ALLIANCE MARITIME HOLDINGS, LLC AND RELATED ENTITIES
NOTES TO COMBINED CONSOLIDATED FINANCIAL STATEMENTS
FOR THE YEAR ENDED DECEMBER 31, 2021
Note 1 — Company Overview
Alliance Maritime Holdings, LLC and Related Entities (the “Company”) is a vertically integrated platform, specializing in comprehensive offshore oil field decommissioning and reclamation (“D&R”) services. Its D&R offering includes not only engineering, permitting and project management, but also in-house execution services such as well plugging and abandonment, subsea infrastructure flushing and abandonments (or removals), platform decommissioning and structure removals, and underwater site clearance. In addition to its end-of-life D&R services, the Company offers services to support the full life cycle of offshore upstream and midstream industries, including installations and construction, inspection, maintenance and repair, and oil and gas production (i.e., well intervention, reeled tubing, and pumping).
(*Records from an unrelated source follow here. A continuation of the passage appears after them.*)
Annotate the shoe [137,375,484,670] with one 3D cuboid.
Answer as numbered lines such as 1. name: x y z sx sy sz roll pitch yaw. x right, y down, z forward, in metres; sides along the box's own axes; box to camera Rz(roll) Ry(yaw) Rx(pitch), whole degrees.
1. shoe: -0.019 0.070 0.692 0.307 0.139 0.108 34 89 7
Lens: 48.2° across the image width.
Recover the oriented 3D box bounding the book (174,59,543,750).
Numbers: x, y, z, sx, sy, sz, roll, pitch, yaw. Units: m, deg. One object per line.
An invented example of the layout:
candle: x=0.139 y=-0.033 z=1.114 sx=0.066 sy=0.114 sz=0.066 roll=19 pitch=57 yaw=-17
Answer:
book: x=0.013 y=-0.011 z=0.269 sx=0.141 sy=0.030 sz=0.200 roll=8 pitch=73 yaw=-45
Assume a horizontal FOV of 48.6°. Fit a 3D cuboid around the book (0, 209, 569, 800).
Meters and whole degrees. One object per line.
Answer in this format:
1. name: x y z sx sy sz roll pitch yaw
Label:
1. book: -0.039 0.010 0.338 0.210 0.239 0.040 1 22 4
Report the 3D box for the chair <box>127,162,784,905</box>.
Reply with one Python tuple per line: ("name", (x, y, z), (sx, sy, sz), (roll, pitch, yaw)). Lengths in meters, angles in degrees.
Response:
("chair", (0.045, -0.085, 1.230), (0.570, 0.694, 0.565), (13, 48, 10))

The Company operates a diversified fleet of marine assets including crew boats, dive support vessels, liftboats, offshore supply vessels, coastal/spud barges and a 1760T heavy lift derrick barge, which support the aforementioned services primarily in the U.S. Gulf of Mexico. These services are carried out by three businesses: Alliance Energy Services (Energy Services), Alliance Offshore (Offshore), and Triton Diving and Heavy Lift (Triton).
The Company’s customer base includes major and independent oil & gas companies, pipeline companies and oil and gas service companies.
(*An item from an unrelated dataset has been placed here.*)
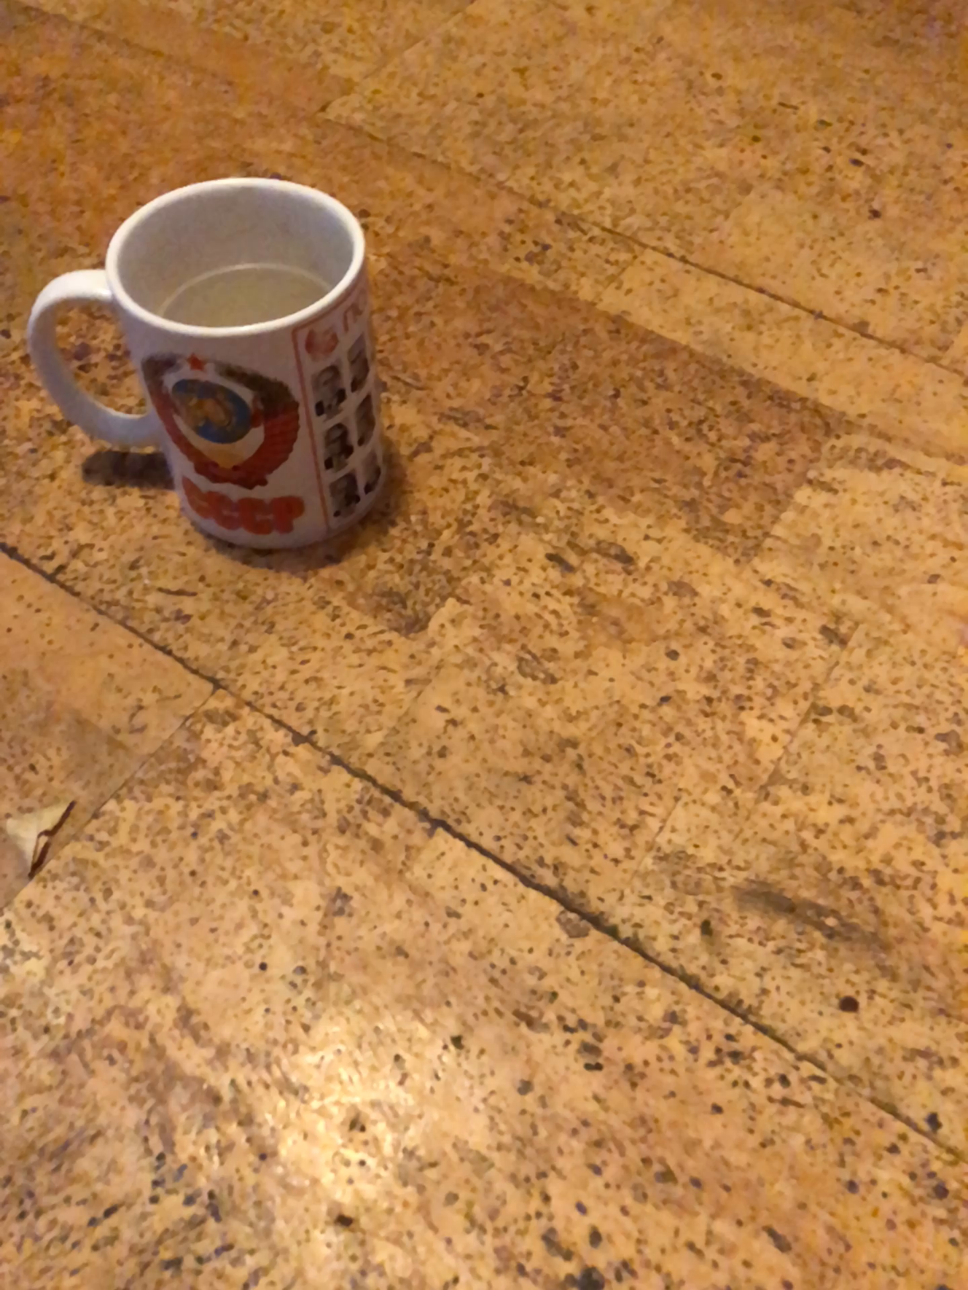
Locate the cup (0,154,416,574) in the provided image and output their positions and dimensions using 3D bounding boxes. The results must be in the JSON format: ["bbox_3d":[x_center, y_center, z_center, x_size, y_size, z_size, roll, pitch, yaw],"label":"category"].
[{"bbox_3d":[-0.092,-0.095,0.370,0.119,0.099,0.083,7,55,5],"label":"cup"}]

Note 2 — Summary of Significant Accounting Policies
Basis of Presentation
The accompanying combined consolidated financial statements include the accounts of Alliance Maritime Holdings, LLC and its wholly-owned subsidiaries, Alliance Vessel Leasing, LLC, Alliance Energy Services, LLC, Heavy Lift Holdings, LLC and its wholly-owned subsidiaries, Triton Diving Services, LLC, and Whitney Liftboats, LLC. These entities are under common ownership in the year ended December 31, 2021. The combined consolidated financial statements have been prepared in accordance with U.S. generally accepted accounting principles (“GAAP”). All significant intercompany accounts and transactions have been eliminated.
Use of Estimates
The preparation of financial statements in conformity with GAAP requires management to make estimates and assumptions that affect the reported amounts of assets and liabilities at the date of the combined consolidated financial statements and the reported amounts of revenues and expenses during the reporting period. Actual results could differ from those estimates.
Cash and Cash Equivalents
The Company considers all highly liquid investments with maturities of three months or less at the date of acquisition to be cash equivalents.
Restricted Cash
Restricted cash is comprised of funds that are contractually restricted as to usage or withdrawal due to a contractual agreement with an insurer for the payment of worker’s compensation insurance claims.